When we moved up on the hill, we could not get service from Mr. Krause so got a new milkman who delivered the milk in bottles . . . 4.5% butterfat! People wanted the "best" and that was rated by the butterfat content. Since the cream always rose to the top, it was just plain decency that demanded that the first to pour milk always shook the bottle so the cream was evenly distributed. Rotten little kids often sneaked off the cream for their cereal. But with three kids in our family, we all watched each other so the chance to cheat did not happen very often. In winter when the milk froze in the bottles, the cream rose up out of the top with the little paper cap sticking way up there. Often I took off the cap, licked the frozen cream a few times and replaced the cap! Real ice cream, that was! And extra good being ill-gotten gains.

Then came pasteurization which made the milk sanitary . . . and drove a lot of dairy farmers out of business as they could not afford the equipment.

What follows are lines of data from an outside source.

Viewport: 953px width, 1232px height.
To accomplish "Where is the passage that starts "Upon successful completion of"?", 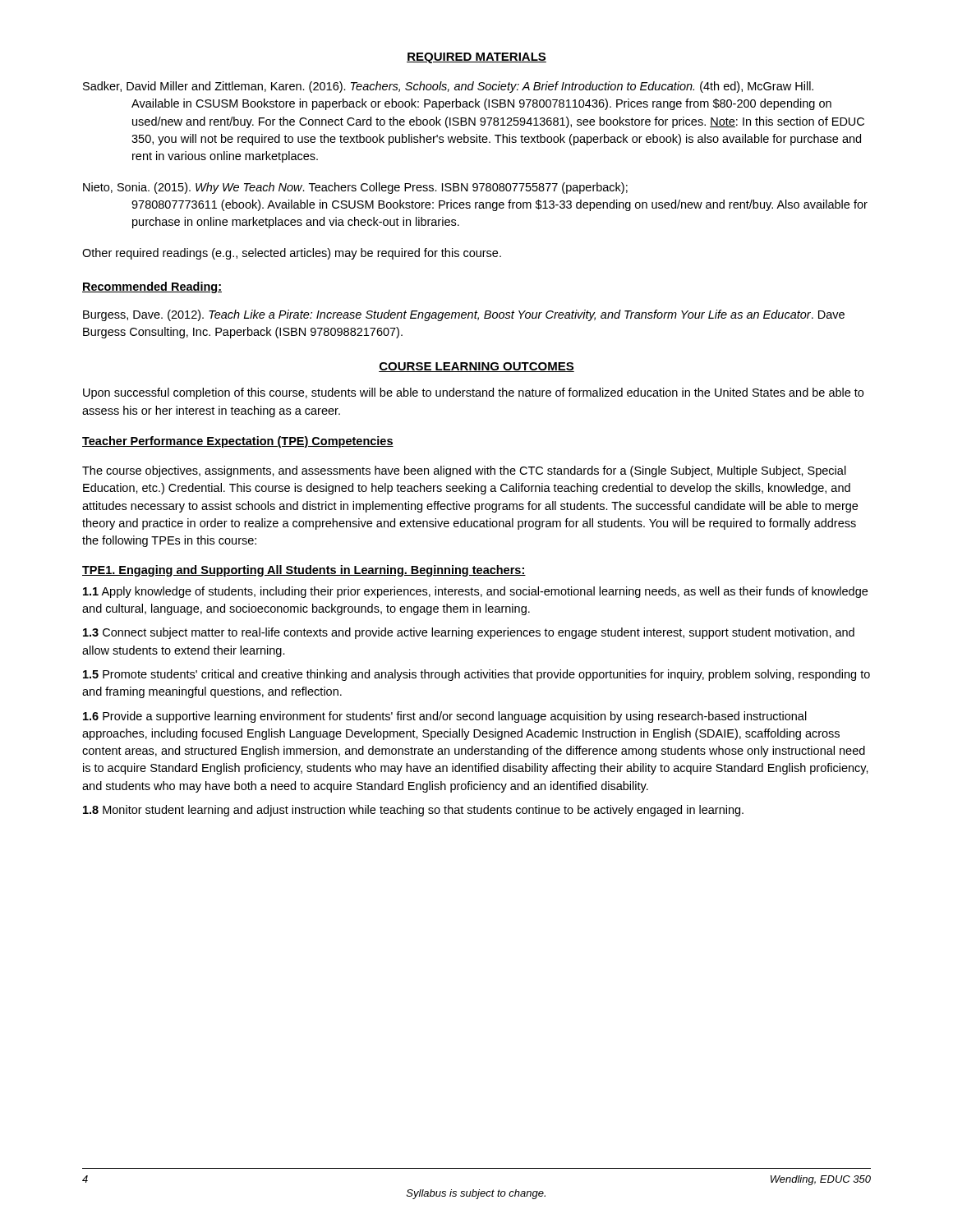I will pyautogui.click(x=473, y=402).
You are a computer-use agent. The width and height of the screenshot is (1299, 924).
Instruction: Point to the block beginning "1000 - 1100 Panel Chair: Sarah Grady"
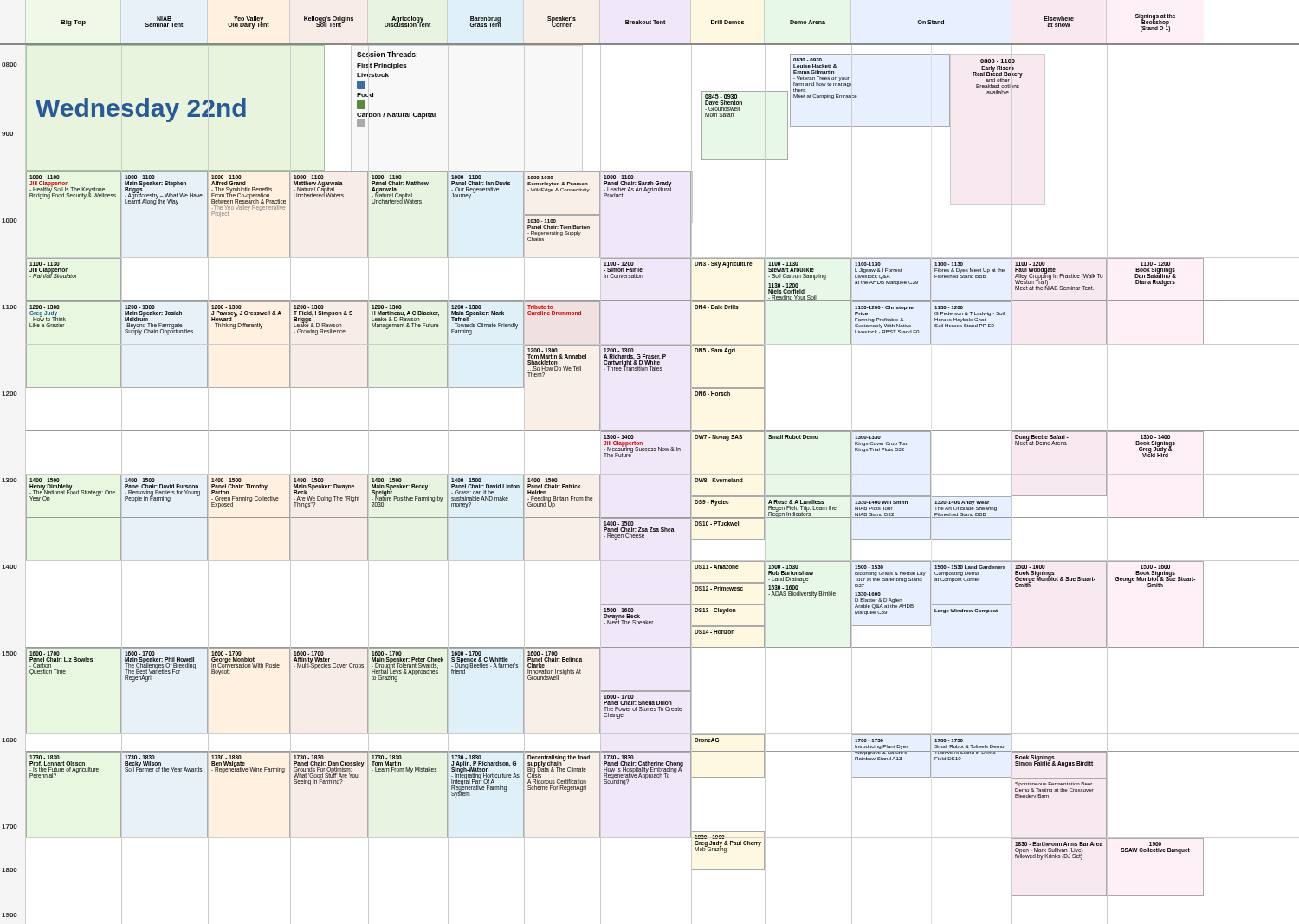click(646, 186)
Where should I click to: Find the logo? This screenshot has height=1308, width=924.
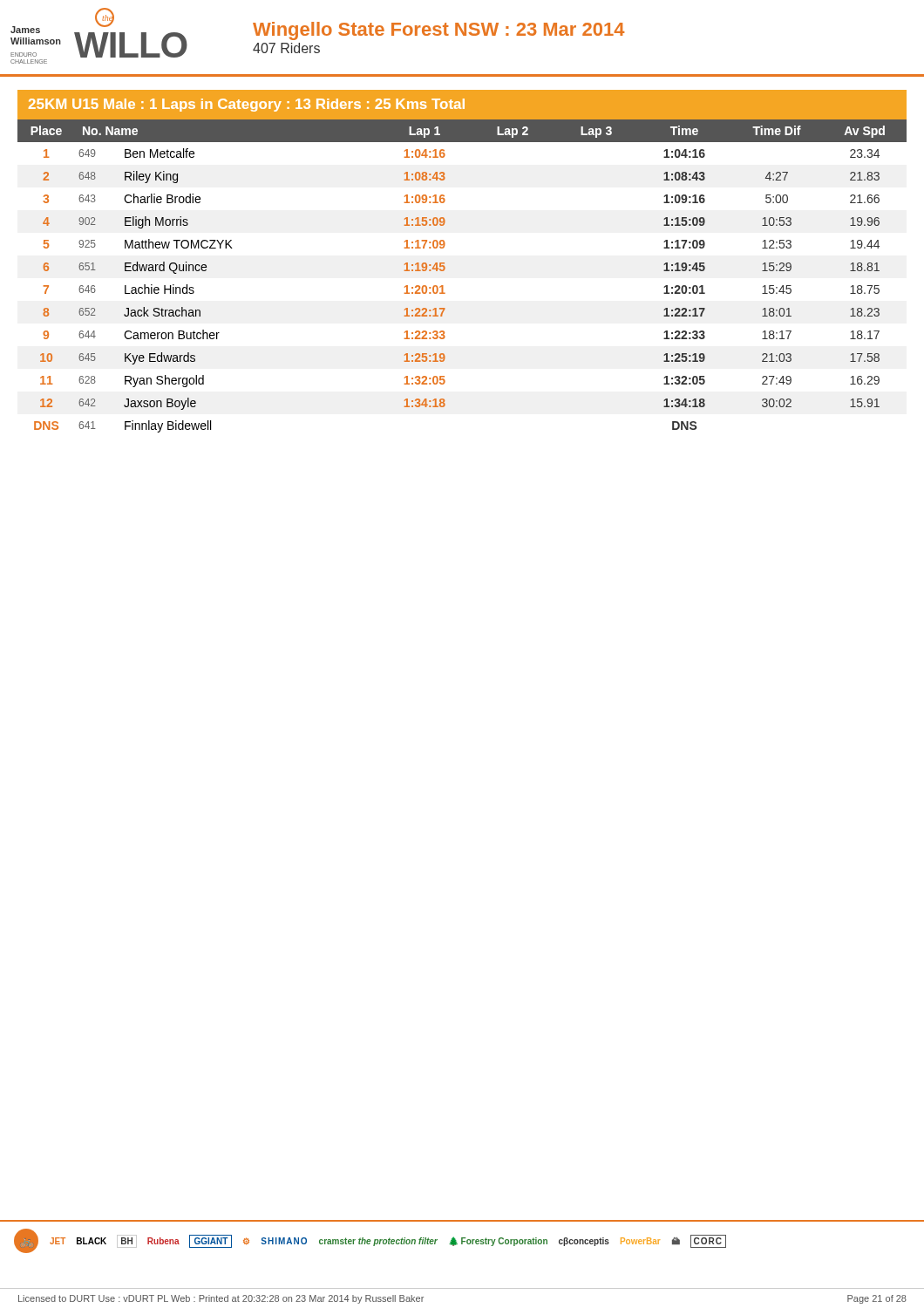pyautogui.click(x=462, y=1240)
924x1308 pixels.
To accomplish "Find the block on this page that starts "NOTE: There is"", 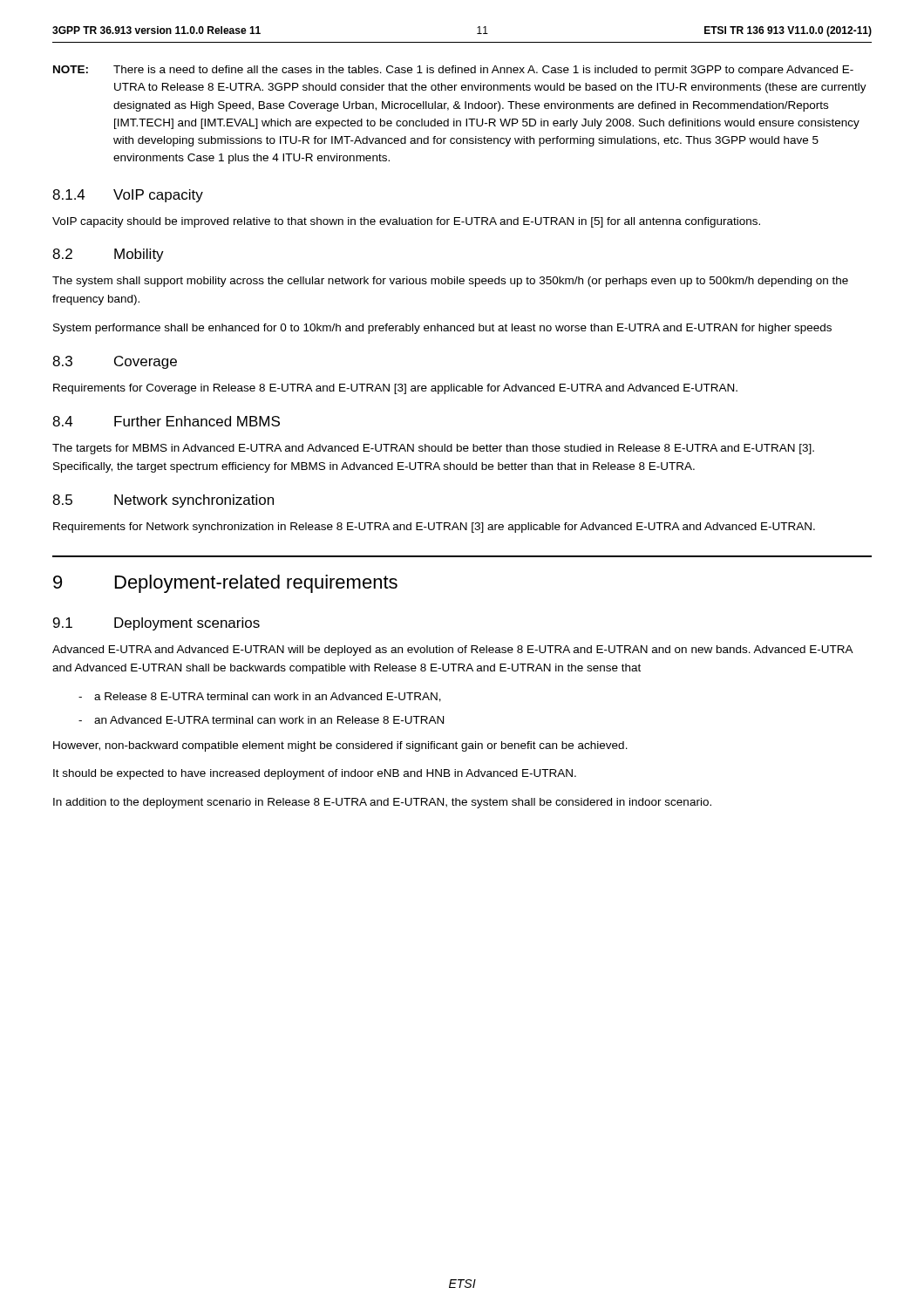I will pyautogui.click(x=462, y=114).

We had friends who had a farm in Hermantown where we were welcome for a week in the summer. After the milking, the milk was taken by horse cart to a corner cross-roads where the cans were put on a stand to sit in the sun until the Bridgeman-Russell Creamery truck came to pick it up. Needless to say, milk soured quickly . . . and every mother knew how to make cottage cheese at home. So we all also knew what "curds and whey" from the Little Miss Muffet poem was. And Miss Muffet didn't eat so well on her little tuffet if she had to eat that stuff.

Next came homogenized milk . . . which is easier to digest but alas, no cream floats at the top to be siphoned off for a treat. And now they no longer say "butter-fat" but just "fat" and since no one wants to be guilty of drinking FAT, it may seem OK to drink fatless milk! But take it from me, that drink tastes like water that has been tampered with! I gave up caffeine for my health and quit over-salting foods . . . but I draw the line at creamless milk. Taking the "fat" out leaves all this cream for making butter . . . but everyone eats margarine now, too, for their health . . . and the government stores the butter. Somehow it doesn't make sense when cream and butter tastes so good! What is this world coming to??? Health?